-- Record excerpts follows --

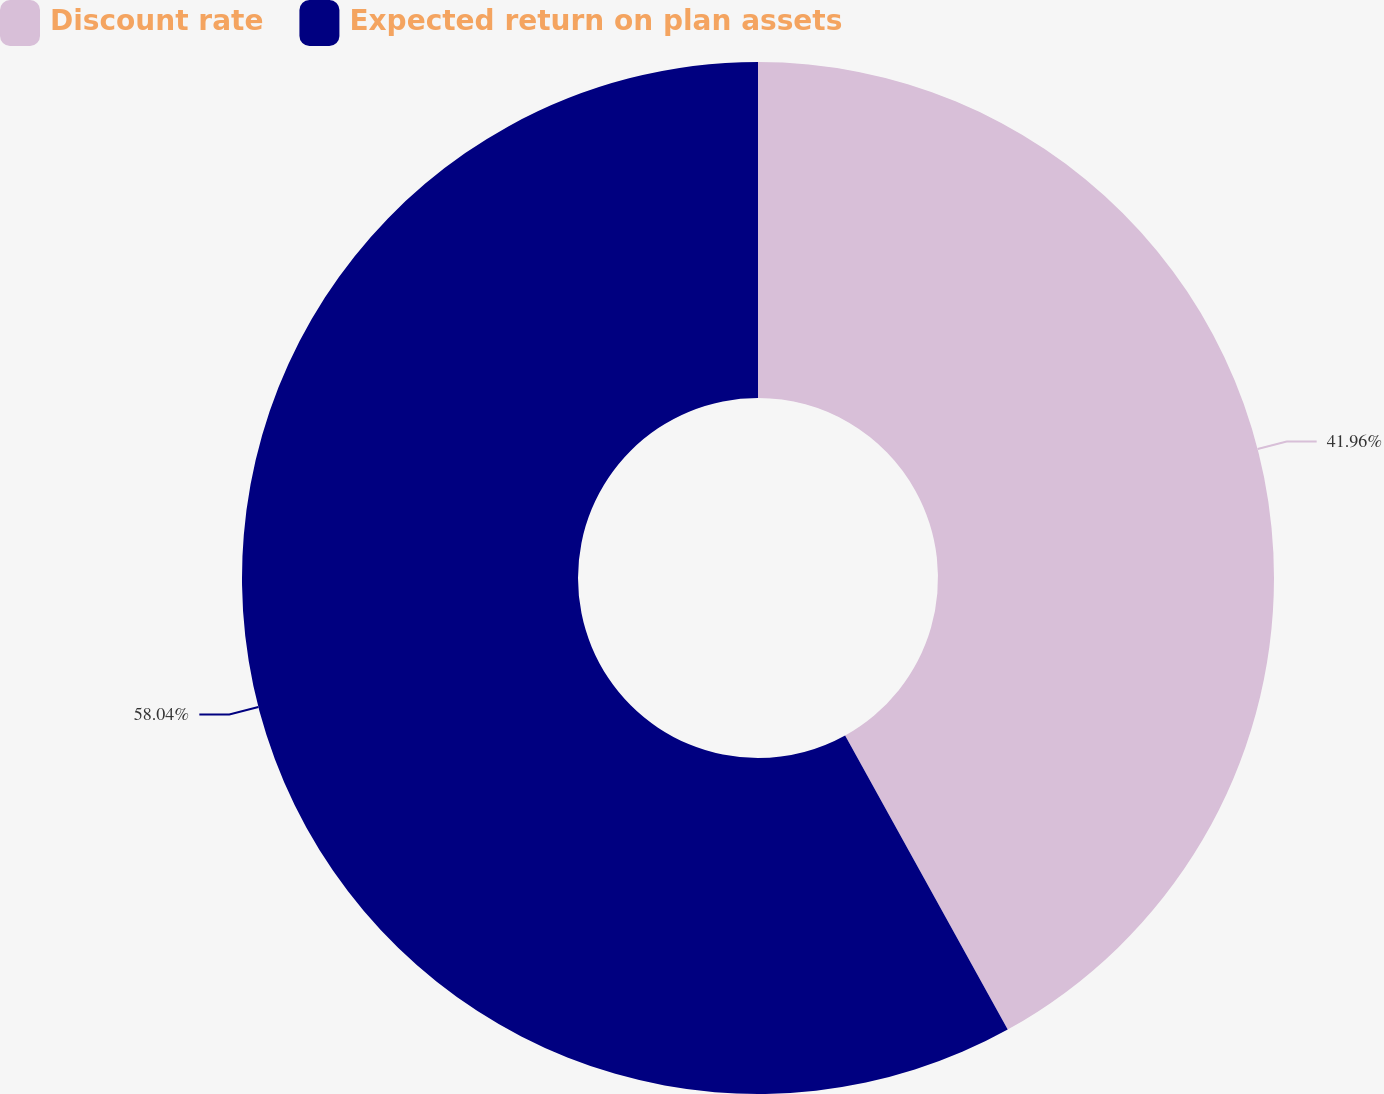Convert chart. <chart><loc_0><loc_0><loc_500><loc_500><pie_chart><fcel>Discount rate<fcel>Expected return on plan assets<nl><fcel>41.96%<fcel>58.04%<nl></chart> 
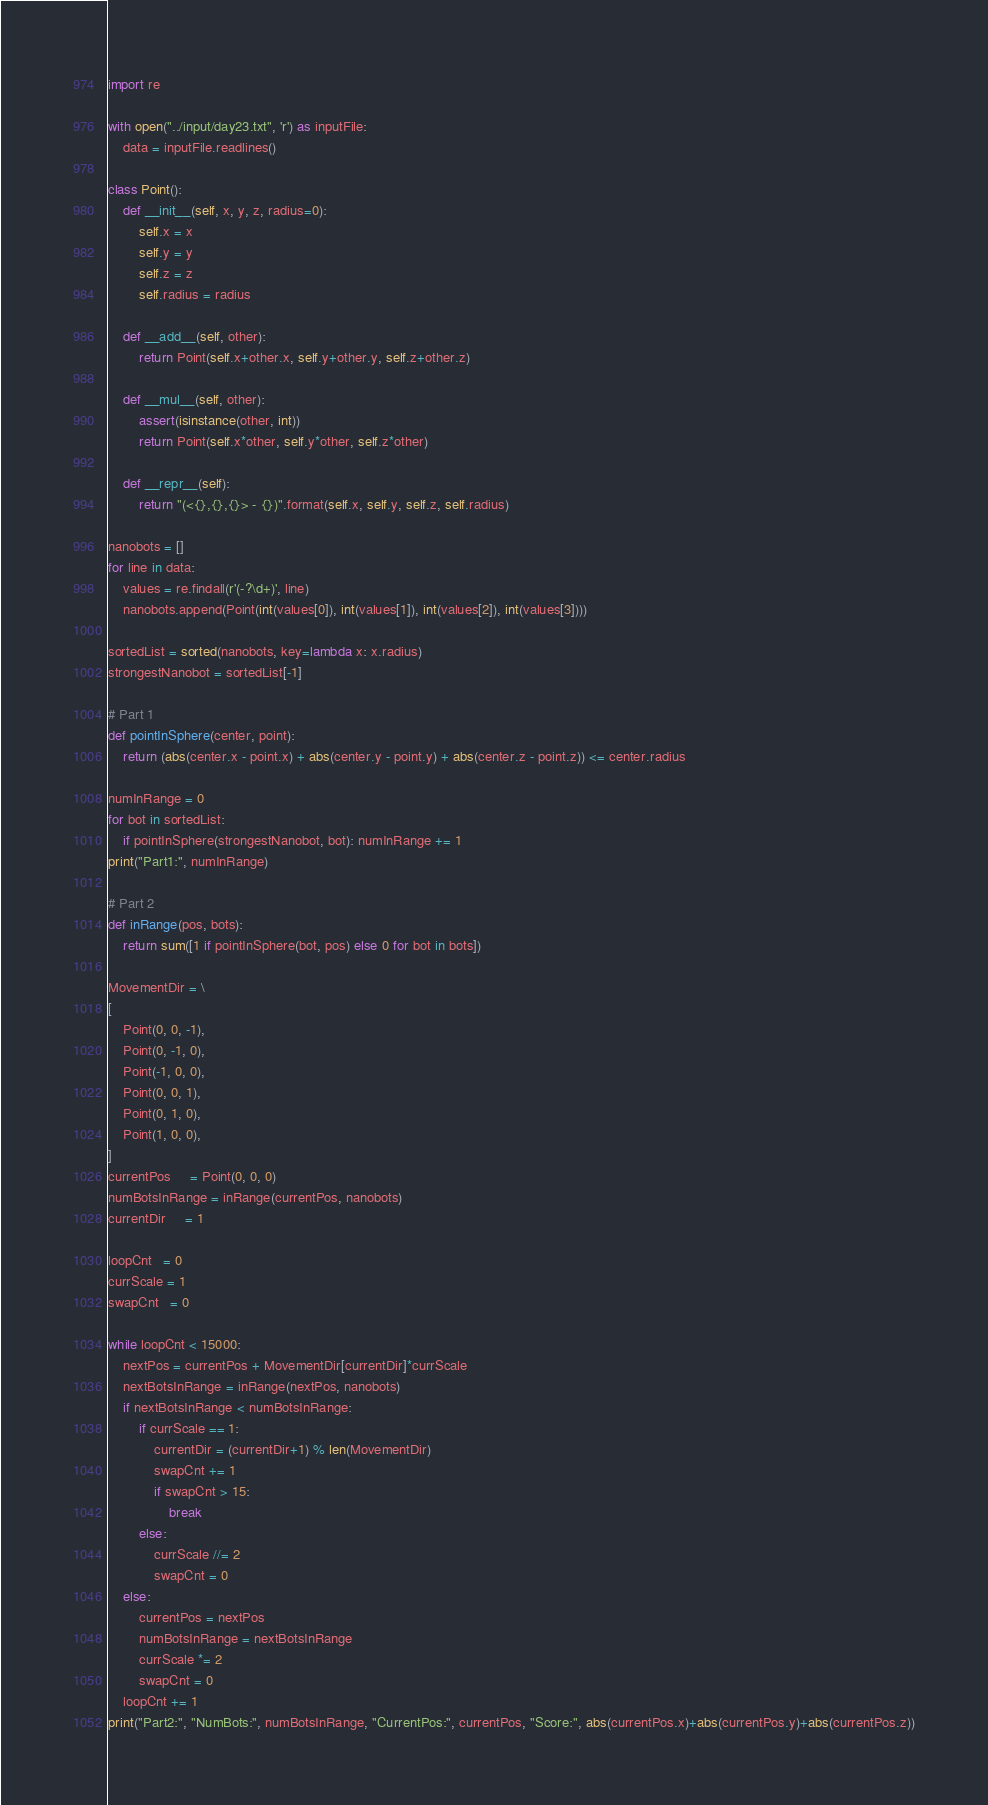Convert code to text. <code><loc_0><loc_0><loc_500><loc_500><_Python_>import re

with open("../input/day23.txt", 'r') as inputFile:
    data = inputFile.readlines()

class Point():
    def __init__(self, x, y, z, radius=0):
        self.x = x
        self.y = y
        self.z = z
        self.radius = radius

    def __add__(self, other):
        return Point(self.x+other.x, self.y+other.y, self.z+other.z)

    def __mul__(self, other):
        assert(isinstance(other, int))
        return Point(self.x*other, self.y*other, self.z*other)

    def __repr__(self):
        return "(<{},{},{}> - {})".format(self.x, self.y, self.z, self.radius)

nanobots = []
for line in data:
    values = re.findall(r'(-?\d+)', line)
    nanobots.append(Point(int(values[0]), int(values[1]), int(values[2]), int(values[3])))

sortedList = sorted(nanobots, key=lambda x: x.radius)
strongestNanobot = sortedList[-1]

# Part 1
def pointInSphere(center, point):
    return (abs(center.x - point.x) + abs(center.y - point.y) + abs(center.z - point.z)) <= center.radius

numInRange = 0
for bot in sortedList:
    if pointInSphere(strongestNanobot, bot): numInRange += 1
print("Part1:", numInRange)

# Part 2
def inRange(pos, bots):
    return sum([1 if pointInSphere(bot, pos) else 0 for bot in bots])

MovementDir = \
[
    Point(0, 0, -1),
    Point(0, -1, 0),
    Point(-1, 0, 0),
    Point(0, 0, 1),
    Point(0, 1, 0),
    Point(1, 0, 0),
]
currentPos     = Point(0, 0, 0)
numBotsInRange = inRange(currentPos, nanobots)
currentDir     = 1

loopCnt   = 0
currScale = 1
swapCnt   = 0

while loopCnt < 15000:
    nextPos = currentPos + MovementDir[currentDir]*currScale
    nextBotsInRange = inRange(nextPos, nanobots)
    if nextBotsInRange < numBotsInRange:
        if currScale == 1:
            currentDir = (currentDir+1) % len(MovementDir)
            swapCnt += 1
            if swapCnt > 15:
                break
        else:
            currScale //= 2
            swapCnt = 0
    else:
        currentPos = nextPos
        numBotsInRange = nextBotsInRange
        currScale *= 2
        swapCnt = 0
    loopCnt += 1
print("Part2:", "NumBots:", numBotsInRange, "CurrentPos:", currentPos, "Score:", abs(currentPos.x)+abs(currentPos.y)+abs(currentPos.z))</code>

-- Record excerpts concluded --

An exact copy of the records above is needed, with the pictures removed.

◆ Task response
Convert chart. <chart><loc_0><loc_0><loc_500><loc_500><pie_chart><fcel>Discount rate<fcel>Expected return on plan assets<nl><fcel>41.96%<fcel>58.04%<nl></chart> 
Convert code to text. <code><loc_0><loc_0><loc_500><loc_500><_Python_>import re

with open("../input/day23.txt", 'r') as inputFile:
    data = inputFile.readlines()

class Point():
    def __init__(self, x, y, z, radius=0):
        self.x = x
        self.y = y
        self.z = z
        self.radius = radius

    def __add__(self, other):
        return Point(self.x+other.x, self.y+other.y, self.z+other.z)

    def __mul__(self, other):
        assert(isinstance(other, int))
        return Point(self.x*other, self.y*other, self.z*other)

    def __repr__(self):
        return "(<{},{},{}> - {})".format(self.x, self.y, self.z, self.radius)

nanobots = []
for line in data:
    values = re.findall(r'(-?\d+)', line)
    nanobots.append(Point(int(values[0]), int(values[1]), int(values[2]), int(values[3])))

sortedList = sorted(nanobots, key=lambda x: x.radius)
strongestNanobot = sortedList[-1]

# Part 1
def pointInSphere(center, point):
    return (abs(center.x - point.x) + abs(center.y - point.y) + abs(center.z - point.z)) <= center.radius

numInRange = 0
for bot in sortedList:
    if pointInSphere(strongestNanobot, bot): numInRange += 1
print("Part1:", numInRange)

# Part 2
def inRange(pos, bots):
    return sum([1 if pointInSphere(bot, pos) else 0 for bot in bots])

MovementDir = \
[
    Point(0, 0, -1),
    Point(0, -1, 0),
    Point(-1, 0, 0),
    Point(0, 0, 1),
    Point(0, 1, 0),
    Point(1, 0, 0),
]
currentPos     = Point(0, 0, 0)
numBotsInRange = inRange(currentPos, nanobots)
currentDir     = 1

loopCnt   = 0
currScale = 1
swapCnt   = 0

while loopCnt < 15000:
    nextPos = currentPos + MovementDir[currentDir]*currScale
    nextBotsInRange = inRange(nextPos, nanobots)
    if nextBotsInRange < numBotsInRange:
        if currScale == 1:
            currentDir = (currentDir+1) % len(MovementDir)
            swapCnt += 1
            if swapCnt > 15:
                break
        else:
            currScale //= 2
            swapCnt = 0
    else:
        currentPos = nextPos
        numBotsInRange = nextBotsInRange
        currScale *= 2
        swapCnt = 0
    loopCnt += 1
print("Part2:", "NumBots:", numBotsInRange, "CurrentPos:", currentPos, "Score:", abs(currentPos.x)+abs(currentPos.y)+abs(currentPos.z))</code>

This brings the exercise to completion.